Without including any images, output the listing below exactly.

Recorded data:
BEGIN
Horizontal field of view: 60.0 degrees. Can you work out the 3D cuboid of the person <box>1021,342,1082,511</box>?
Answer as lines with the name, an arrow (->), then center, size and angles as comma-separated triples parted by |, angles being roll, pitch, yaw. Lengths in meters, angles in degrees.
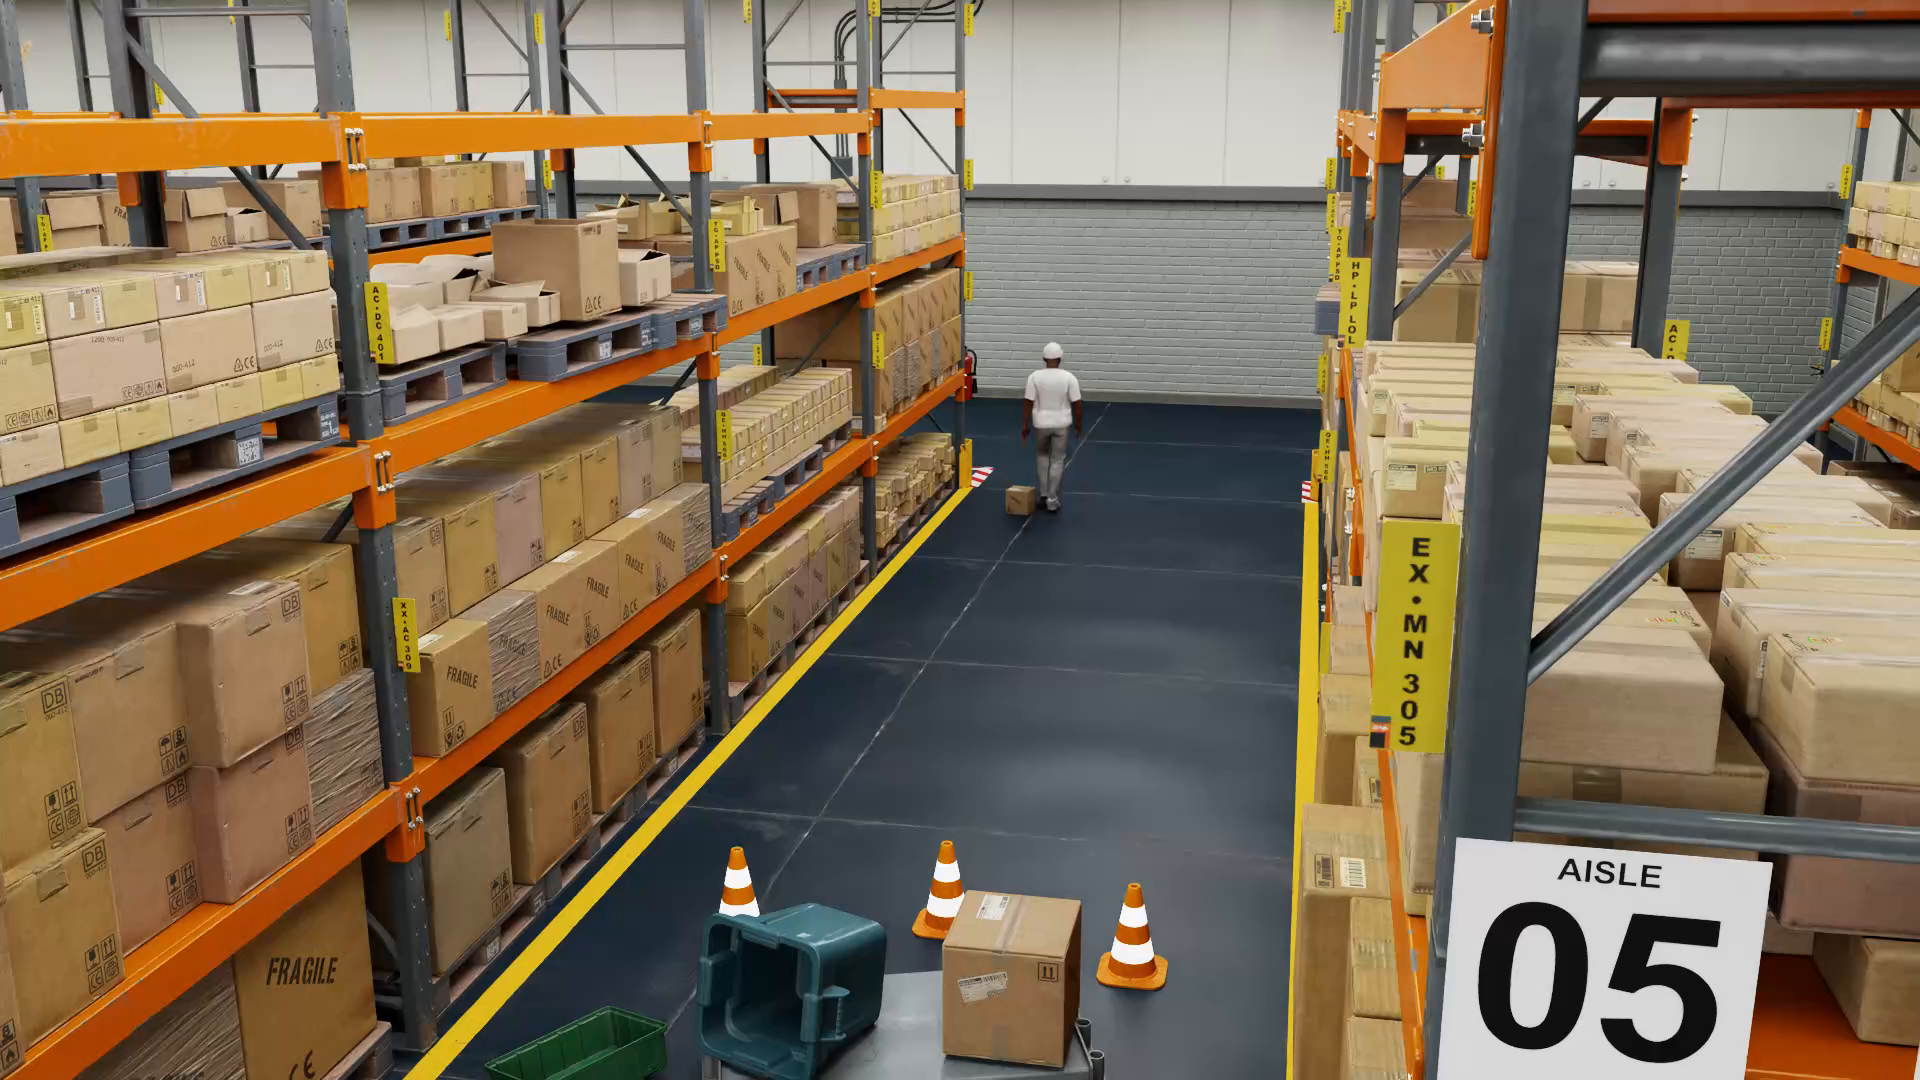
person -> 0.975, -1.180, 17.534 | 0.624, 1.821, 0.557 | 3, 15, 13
END
Result:
Horizontal field of view: 60.0 degrees. Can you work out the 3D cuboid of the person <box>1021,342,1082,511</box>?
Answer as lines with the name, an arrow (->), then center, size and angles as comma-separated triples parted by |, angles being roll, pitch, yaw. Lengths in meters, angles in degrees.
person -> 0.975, -1.180, 17.534 | 0.624, 1.821, 0.557 | 3, 15, 13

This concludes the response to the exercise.